光の刺さない目から、体毛で隠れてしまっているが大粒の水分が溢れ出し、顔と体毛を濡らした。ボロボロと溢れ続ける涙を短い前足で一生懸命払うが意味が無いくらいに涙腺が決壊してしまっていた。
今まで心の中で泣いていたモノズの背後から人間特有の暖かな掌でその柔らかく尖った体毛を包み込んだ。
「卑屈になるな」
「ドララ、ルゥ…ッ…」
「バトルに出たいなら出ろ。嫌になるくらい出してやる」
「ドララ、ララ……」
「目が見えなくてちゃんと戦えるのか不安か。サポートしてやる、何の為のトレーナーだと思ってるんだお前は」
「ド…ドラ、ドラ……ドラ…」
「前を向け、泣くな。大丈夫だから」
いつの間にか隣に立っていた気配は正面で視線を合わせるように屈んでいた。
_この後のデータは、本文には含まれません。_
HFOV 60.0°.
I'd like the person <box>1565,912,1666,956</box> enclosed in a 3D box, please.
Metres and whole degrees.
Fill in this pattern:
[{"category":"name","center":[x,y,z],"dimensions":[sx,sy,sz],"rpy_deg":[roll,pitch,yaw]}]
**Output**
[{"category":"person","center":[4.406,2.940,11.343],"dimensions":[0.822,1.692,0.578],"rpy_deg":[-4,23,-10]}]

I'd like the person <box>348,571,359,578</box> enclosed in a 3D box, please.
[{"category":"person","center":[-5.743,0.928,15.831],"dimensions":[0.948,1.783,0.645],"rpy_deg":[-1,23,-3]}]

頭を撫でボロボロ溢れる涙を払う。
二人目の主人は、黒髪に鮮やかな赤紅…洋紅色の瞳を持った人間だった。
驚いた事にこの人間も獣達の言葉を解するらしい。あの新緑の髪を持った人とは正反対であまりにも無表情な人だったけれど、こんなにも優しい人だった。
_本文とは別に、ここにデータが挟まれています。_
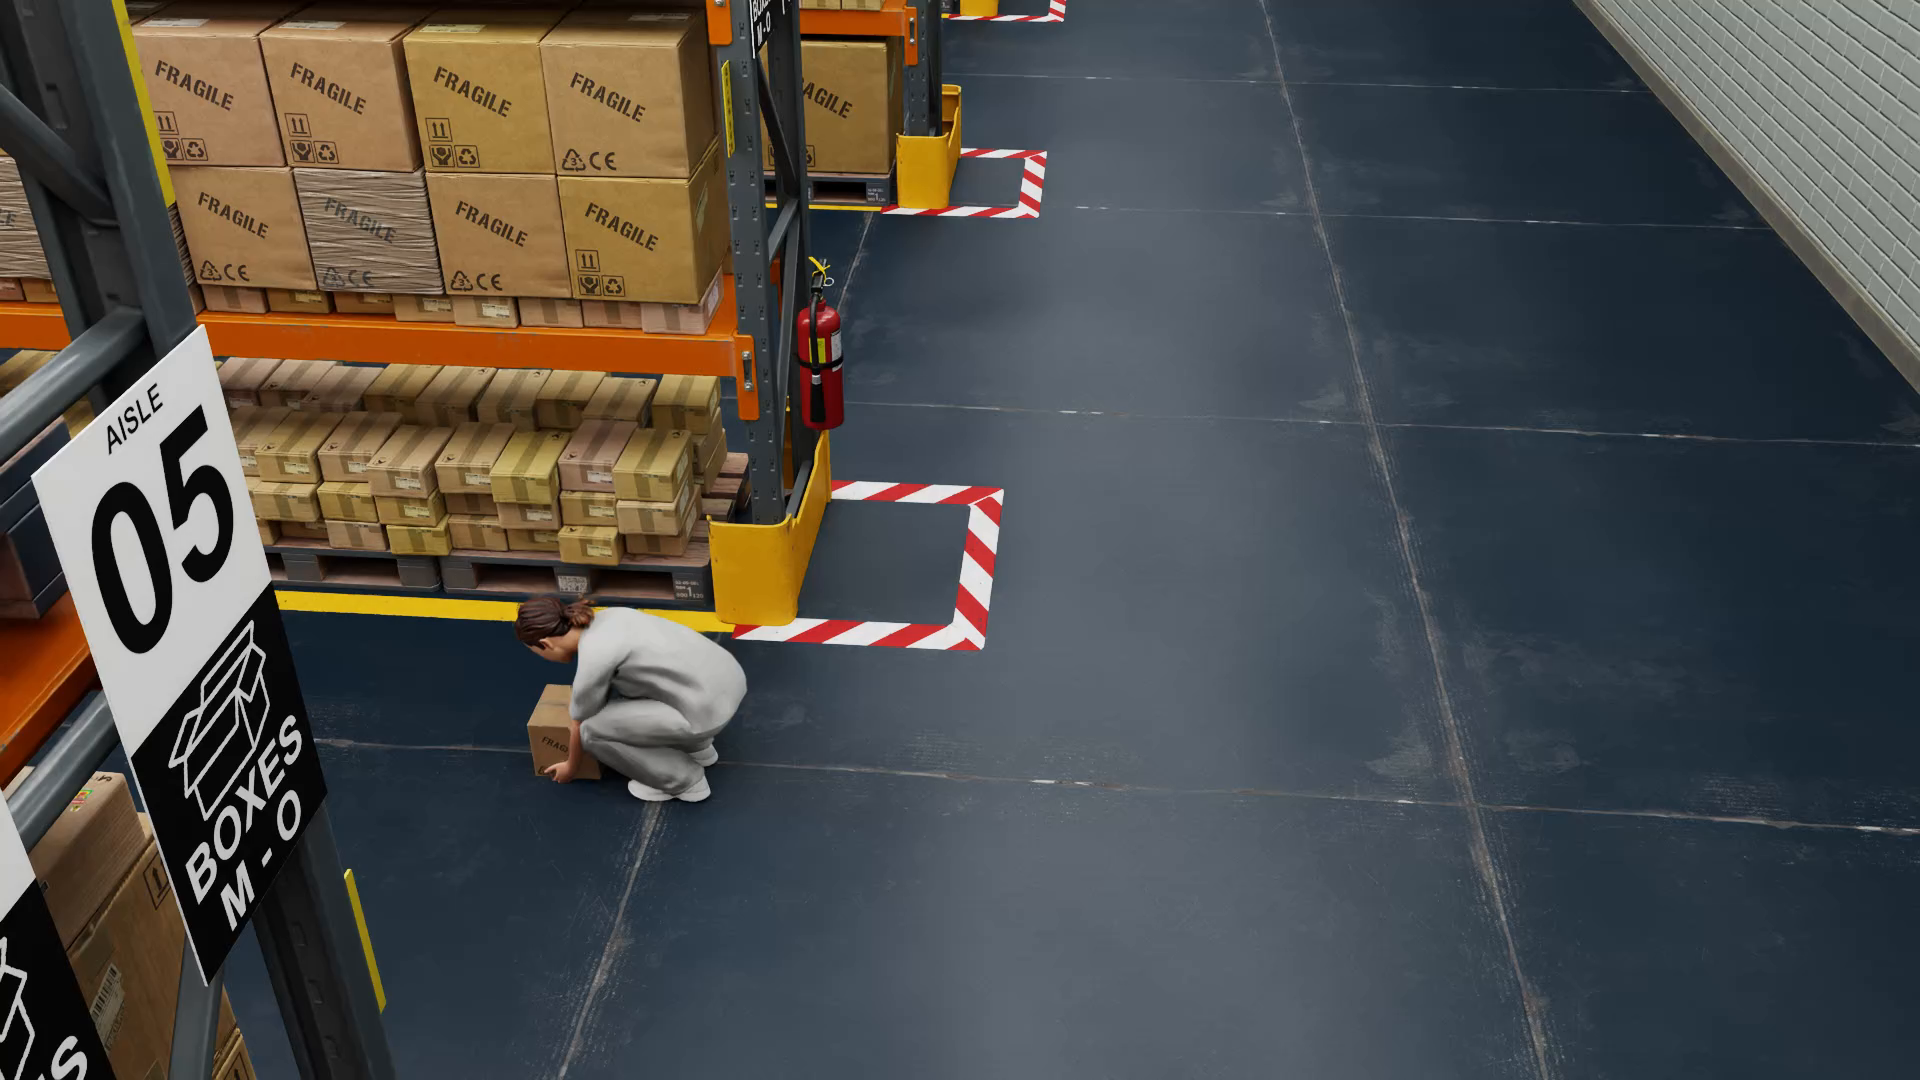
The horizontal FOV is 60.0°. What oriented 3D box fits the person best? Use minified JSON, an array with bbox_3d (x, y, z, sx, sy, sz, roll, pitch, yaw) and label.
[{"bbox_3d":[-1.197,0.575,6.129,0.817,0.809,0.469,7,33,11],"label":"person"}]

Nの手から離れ、初めてレッド達と一夜を過ごした時、彼のポケモンであろうピカチュウが話をかけてきたのだ。彼は意外にもお喋りだった。
まずは自分の事を根掘り葉掘り聞かれ、そして数日と経たない内に少し打ち解けて自分からピカチュウに声をかけたりして彼らの様々な事を教えて貰った。
自分の主人のレッドという青年は別地方のチャンピオンらしい。Nに大雑把に聞いたくらいであまり詳しくは分からないがポケモンを競わせて戦う所のようなものらしく、またそれと同じようなバトルタワーという施設でも一番強くて凄い人らしい。
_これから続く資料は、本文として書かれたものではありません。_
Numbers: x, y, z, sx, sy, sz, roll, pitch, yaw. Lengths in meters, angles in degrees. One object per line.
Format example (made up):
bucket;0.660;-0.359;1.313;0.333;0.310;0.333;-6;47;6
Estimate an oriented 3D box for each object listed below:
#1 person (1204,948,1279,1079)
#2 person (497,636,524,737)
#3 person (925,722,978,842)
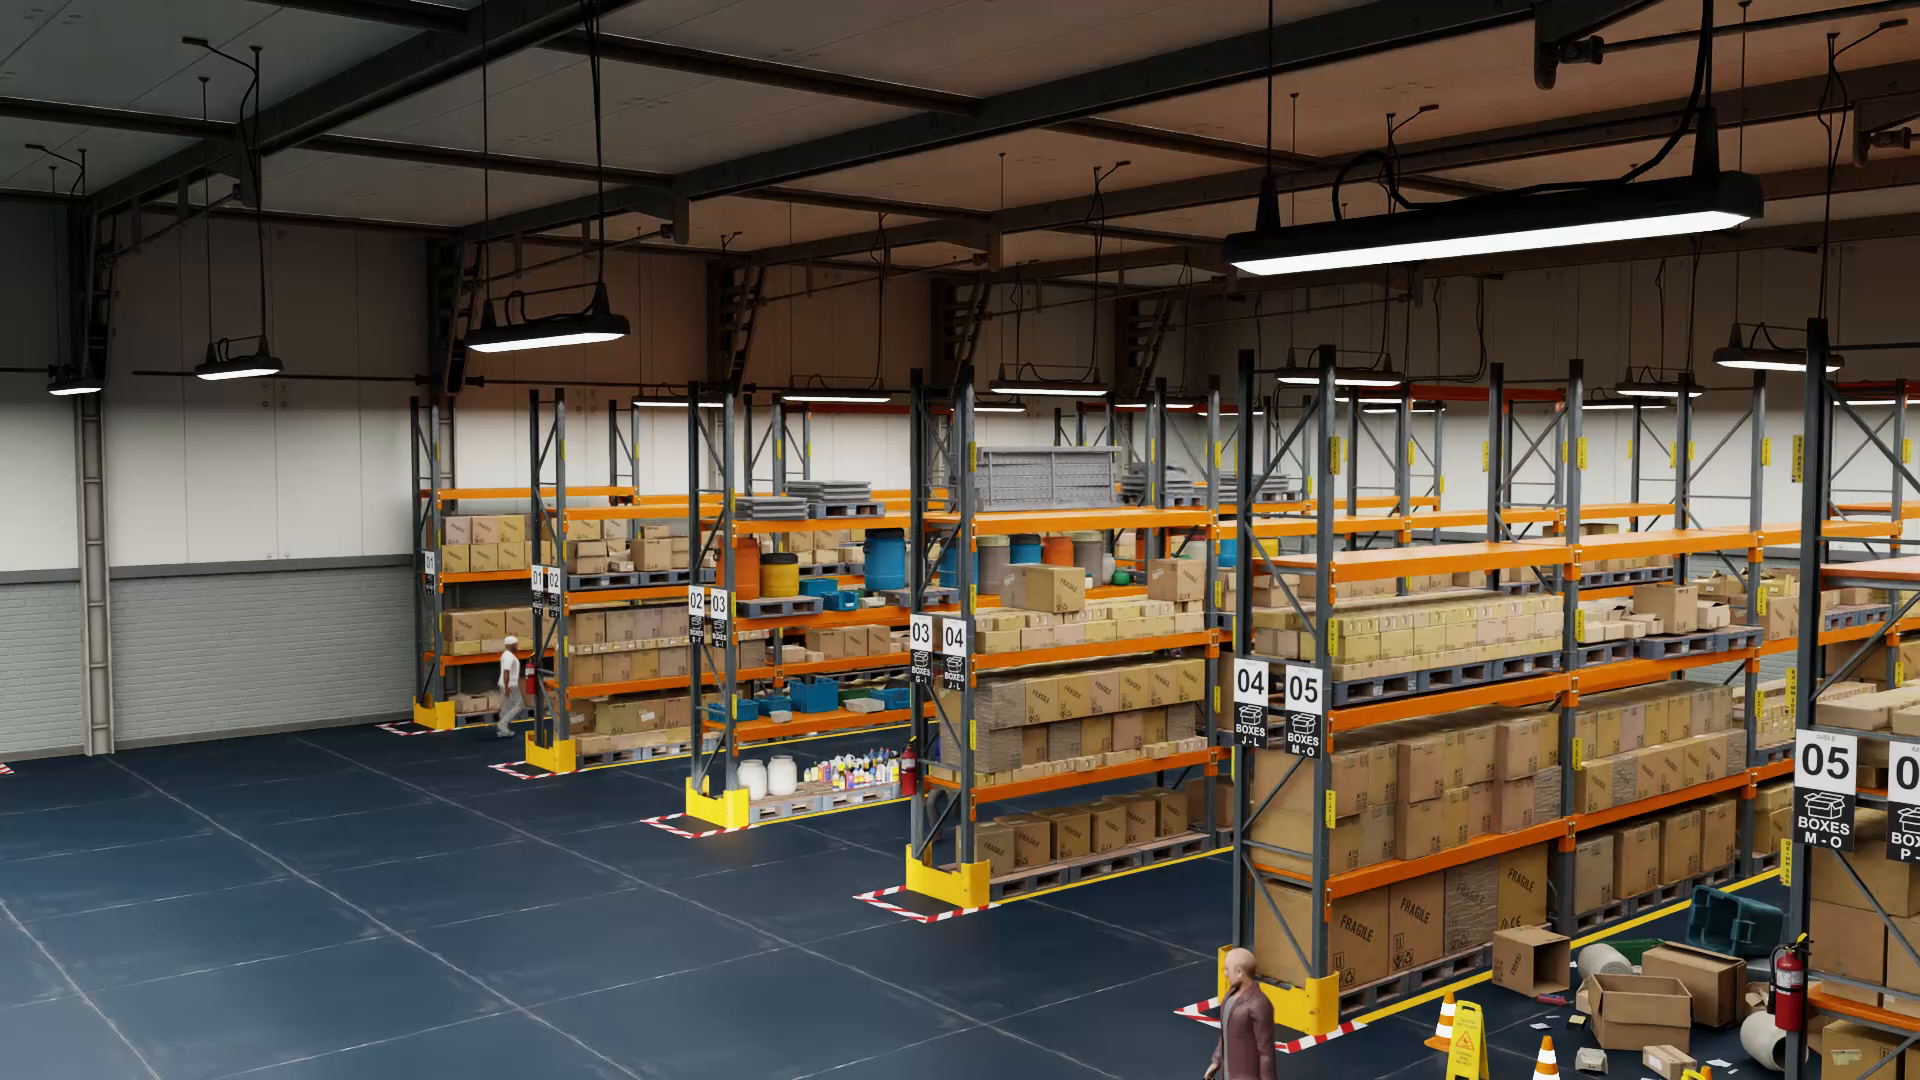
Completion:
person;1.870;3.647;11.093;0.570;1.850;0.633;-1;3;-11
person;-7.913;2.559;29.132;0.476;1.753;0.603;-2;4;-28
person;-0.147;3.099;21.640;0.839;1.575;0.492;-3;5;-43

もう一人いる人間の少女は青年の連れであり生涯の伴侶(一方的な決定事項)らしい。このピカチュウとも数日間接してみて分かったのは主人とまた正反対の性格をしており、良く喋り喜怒哀楽がはっきりしていた。彼らは今調査の一環でこの地方を軽く旅をしているのだと。
モノズはもう不安だった。一目見ただけで自分以外が仲睦まじい様子に諦めの感情が過ぎ去った。……けれど、そんな薄暗い感情は程なくどこかへ消え去った。
ちゃんと、一緒だったのだ。
元々レッドとアヤの手持ちの数が少ないのも極まってモノズも気付けばいつの間にか自然に溶け込んでいた。
遺跡の方へと向かうアヤと『じゃあ、主人のこと頼んだよモノズ』と別れ際にピカチュウに頼まれた言葉には一瞬理解が追い付かなくて詰まってしまったが、慌てて頷いたのがつい先程の話だ。
初めて、何かを頼まれた。今まで誰かから何かを頼まれた事なんてない。
ガキのクセして、目が見えなくて何ができる、と遠回しに言われているようだったのに。誰かに頼まれるとは、こんな感情なのか。主人の隣に立つ事ができるというのは、こんな感情なのか。心の底から、手の中がじんわりと温まるこの感覚は初めてだった。
ーーー嬉しかった。
主人を守れるだろうか。ピカチュウと共に戦えるだろうか。まだ見た事もない彼の仲間達に受け入れられるだろうか。強くなれば、…もっと頼られるだろうか。
ひっくひっく、と嗚咽混じりに涙で濡れる顔と毛並みを気にしないレッドの手が掻き混ぜるように撫でる。よっこら、とレッドが立ち上がりポケモン図鑑を手にした時、その音は轟いた。
「行くぞ、さっさと調査して…」
ーーードドンッ……!!
バサバサバサッ!
「!」
「!ドラ…?」
地鳴りのような音が微かに聞こえた。
僅かに響く音と振動に迷いの森一帯のポケモン達が騒ぎ始める。鳥ポケモンや羽の生えた虫ポケモンが一斉に空へと飛び立って行く。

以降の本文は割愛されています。